Началась весна. Но календарям не было особой веры. Шёл мелкий снег, похожий на крупу, завывал ветер, гололёд сковал замёрзшие дороги. Около продуктовых палаток рынка толпились мужики разных мастей, молодые парни и старики выстроились в очередь перед прилавком у открытого багажника старой «Волги». Хваткая и тучная бабка в полушубке торговала мимозами и тюльпанами – в холодном промозглом марте начинался Международный женский день. Из большого пластмассового ведра с отломленной ручкой Тамара Петровна то и дело доставала хрупкие тюльпаны – связанные шпагатом мимозы доставались прямо с заднего сидения.
Николай Петрович после смены спешно вышел с заводской проходной, обтёр руки тряпкой, прихваченной у станка, и направился прямиком к рынку, завидев издалека грязную белую «Волгу», поспешил встать в очередь, которая двигалась быстро, но не кончалась. А снег всё шёл без устали.
Подбегали молодые парни, спрашивали, имеются ли в продаже розы. Тамара Петровна громко отвечала, высунувшись из машины:
– Ишь чего, розы им подавай! Да ваши розы перемёрзнут, пока я их с базы таранить буду. Бери давай что есть!
– Вам чего завернуть, мужчина?
– Мне тюльпанов крупных, штук пятнадцать.
Николай Петрович протянул свежую купюру – вчера всем на заводе дали зарплату. Тамара Петровна зычно выругалась:
– Где ж я каждому стока сдачи найду, а, мужики?
Она ловко завернула тюльпаны в бумагу и вручила Николаю Петровичу сдачу и свёрток. Он аккуратно взял упакованные цветы, поспешил к своим «жигулям», еле открыл примёрзшую дверь, уселся за руль и пристроил тюльпаны на переднее сиденье. «Эх, закоченеют, пока еду», – подумал он и закутал цветы ещё и в старые газеты, а сверху обмотал своим шерстяным полосатым шарфом.
Машина долго пыхтела, но завелась, неторопливо тронулась с места. Ехать было не близко, до дачных участков было полно своротков, но Николай Петрович любил дорогу, к тому же его грели мысли о доме, о его хозяйке. Всё-таки хорошо, когда тебя ждут дома.

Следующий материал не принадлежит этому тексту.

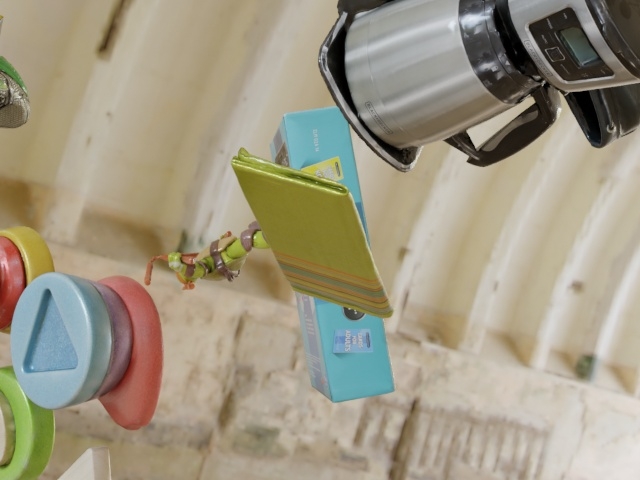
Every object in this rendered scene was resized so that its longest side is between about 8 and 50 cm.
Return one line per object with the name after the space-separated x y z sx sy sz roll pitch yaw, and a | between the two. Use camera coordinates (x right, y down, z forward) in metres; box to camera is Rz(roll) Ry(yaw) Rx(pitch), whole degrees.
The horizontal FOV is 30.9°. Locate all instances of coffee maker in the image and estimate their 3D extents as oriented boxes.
0.106 -0.140 0.640 0.178 0.171 0.120 -16 -32 41 | coffee maker

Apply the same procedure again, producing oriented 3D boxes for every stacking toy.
-0.314 0.140 1.175 0.309 0.279 0.130 16 9 40 | stacking toy

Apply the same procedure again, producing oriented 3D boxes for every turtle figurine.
-0.146 0.021 1.769 0.217 0.087 0.269 -28 -2 17 | turtle figurine

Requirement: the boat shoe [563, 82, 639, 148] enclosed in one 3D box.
0.254 -0.239 1.285 0.340 0.113 0.127 48 -2 -27 | boat shoe

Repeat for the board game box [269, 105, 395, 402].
0.010 0.020 1.441 0.079 0.336 0.254 -9 -2 -7 | board game box

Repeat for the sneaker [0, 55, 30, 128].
-0.599 -0.248 1.960 0.146 0.134 0.343 55 9 19 | sneaker

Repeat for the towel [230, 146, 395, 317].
0.000 0.000 0.965 0.102 0.021 0.237 16 -22 19 | towel

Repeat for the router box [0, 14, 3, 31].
-0.553 -0.154 1.616 0.081 0.243 0.309 26 -44 -2 | router box
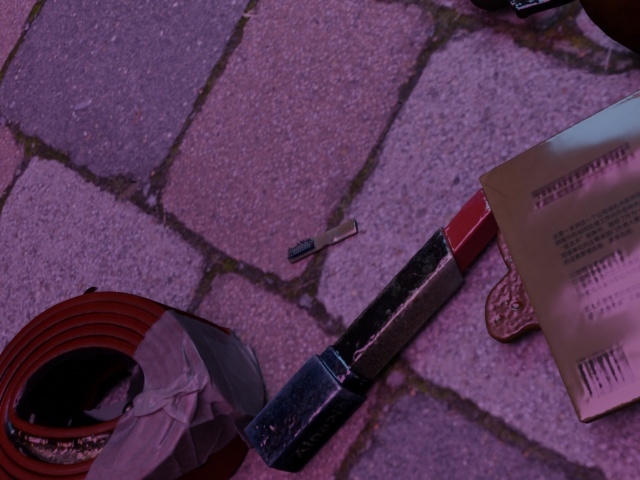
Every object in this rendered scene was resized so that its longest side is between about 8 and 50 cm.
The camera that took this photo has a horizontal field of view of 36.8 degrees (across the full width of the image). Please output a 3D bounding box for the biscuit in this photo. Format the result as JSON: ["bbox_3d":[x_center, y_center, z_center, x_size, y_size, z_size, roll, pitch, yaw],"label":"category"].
[{"bbox_3d":[0.234,0.038,0.774,0.205,0.031,0.138,2,74,36],"label":"biscuit"}]

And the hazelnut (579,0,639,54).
[{"bbox_3d":[0.304,-0.231,0.758,0.204,0.178,0.178,9,78,32],"label":"hazelnut"}]

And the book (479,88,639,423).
[{"bbox_3d":[0.232,0.009,0.752,0.161,0.026,0.231,-28,60,21],"label":"book"}]

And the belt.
[{"bbox_3d":[-0.206,0.167,0.979,0.323,0.115,0.227,-15,65,29],"label":"belt"}]

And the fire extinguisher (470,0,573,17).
[{"bbox_3d":[0.152,-0.303,0.939,0.089,0.072,0.268,-31,56,7],"label":"fire extinguisher"}]

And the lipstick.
[{"bbox_3d":[0.056,0.083,0.871,0.312,0.051,0.051,-48,51,8],"label":"lipstick"}]

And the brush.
[{"bbox_3d":[0.000,0.000,0.965,0.083,0.013,0.016,-24,58,24],"label":"brush"}]
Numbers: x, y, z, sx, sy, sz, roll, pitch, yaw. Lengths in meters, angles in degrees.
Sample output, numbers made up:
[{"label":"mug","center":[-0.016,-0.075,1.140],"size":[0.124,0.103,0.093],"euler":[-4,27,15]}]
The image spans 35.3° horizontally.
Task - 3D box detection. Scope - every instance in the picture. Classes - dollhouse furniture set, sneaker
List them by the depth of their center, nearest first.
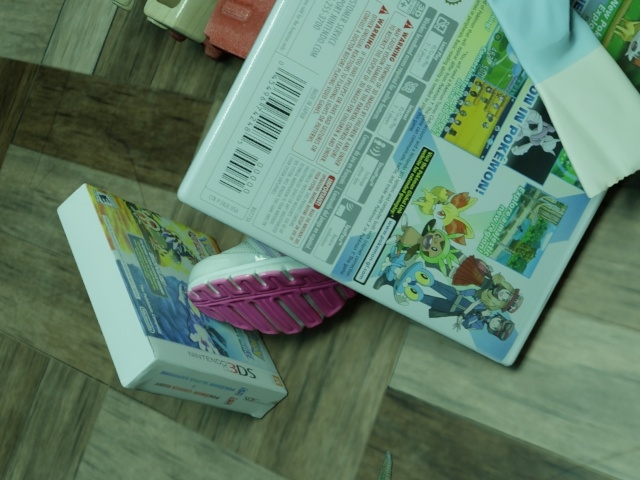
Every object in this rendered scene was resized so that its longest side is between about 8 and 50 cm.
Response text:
[{"label":"sneaker","center":[0.000,0.000,0.896],"size":[0.252,0.103,0.111],"euler":[-18,52,6]},{"label":"dollhouse furniture set","center":[-0.050,-0.237,0.967],"size":[0.374,0.201,0.152],"euler":[32,95,45]}]

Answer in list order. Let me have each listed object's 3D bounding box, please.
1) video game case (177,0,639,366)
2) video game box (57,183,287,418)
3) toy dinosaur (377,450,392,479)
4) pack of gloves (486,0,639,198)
[{"label":"video game case","center":[0.096,-0.110,0.780],"size":[0.329,0.300,0.036],"euler":[-62,10,3]},{"label":"video game box","center":[-0.135,0.058,0.931],"size":[0.048,0.187,0.205],"euler":[-39,56,16]},{"label":"toy dinosaur","center":[0.120,0.305,0.730],"size":[0.160,0.121,0.313],"euler":[-21,58,16]},{"label":"pack of gloves","center":[0.216,-0.178,0.750],"size":[0.195,0.232,0.046],"euler":[-31,8,-13]}]
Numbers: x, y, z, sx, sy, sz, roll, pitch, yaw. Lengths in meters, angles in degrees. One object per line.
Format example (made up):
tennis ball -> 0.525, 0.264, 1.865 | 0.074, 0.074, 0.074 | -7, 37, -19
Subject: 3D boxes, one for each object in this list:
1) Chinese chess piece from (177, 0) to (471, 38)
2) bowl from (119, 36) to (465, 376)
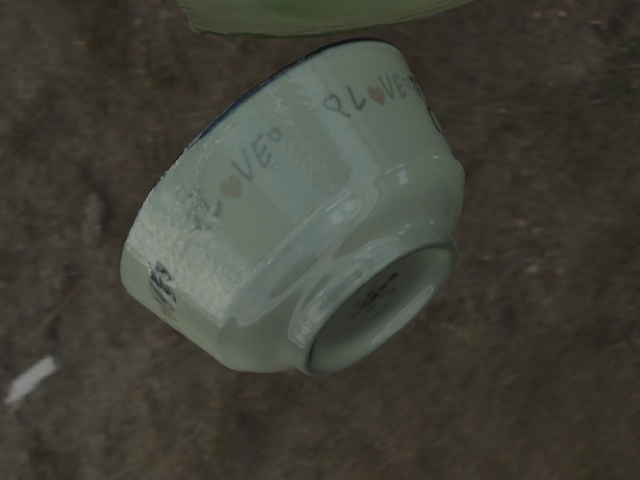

Он вспомнил про март и тут же поморщился: мысли о прошлогоднем марте хотелось стереть навсегда. Смерть матери, делёж квартиры после развода и водка в стакане почти после каждой смены – как он мог таким быть, до сих пор не понятно. Хорошо хоть с завода не попёрли.
За окнами мелькали дачные крыши, припорошенные инеем голые ветки деревьев. В такую рань в коллективных садах никого не было. Он подъехал к дому, приткнул «жигули» к забору. Она уже спешила: видела с крыльца, как он подъезжает, – выскочила, успев набросить на плечи серую мохнатую шаль, спешно открыла ему ворота. Он заехал во двор. Прыгали и громко лаяли собаки.
– А ну бегом в дом, я сам тут всё закрою.
Собаки всё лаяли – он потрепал каждую за уши. Вошёл в дом, аккуратно взял свёрток, пристроенный на стуле у входа, разулся и протянул его ей.
– Ну, это, с праздником, что ли.
Ирина аккуратно развернула газеты и тихо заплакала.
– Ты чего это, а, Иринка, замёрзли цветы, что ли? Я ж вроде их у печки вёз, а? Ты чего? Да хочешь если, я снова съезжу. Вот прям сейчас поеду снова, а? Может, мимозы надо, дык я их тоже прихвачу, они стойкие!
Она вытерла слёзы, успокоилась и сказала:
– Да нет, что ты! Они не замёрзли. Смотри, даже бутоны не раскрылись, свежие, значит. Просто мне ещё никто не дарил тюльпаны. Ни-ког-да. Понимаешь? И не только их – мне вообще не дарили никаких…
Он выдохнул. Не умел он подобрать слова, не был Николай Петрович в свои сорок пять тонкой натурой, не терпел женских слёз. Растерялся и одновременно растрогался: как он без неё прожил, без его Иринки? Где такую вторую сыскать? Да нигде – одна она такая.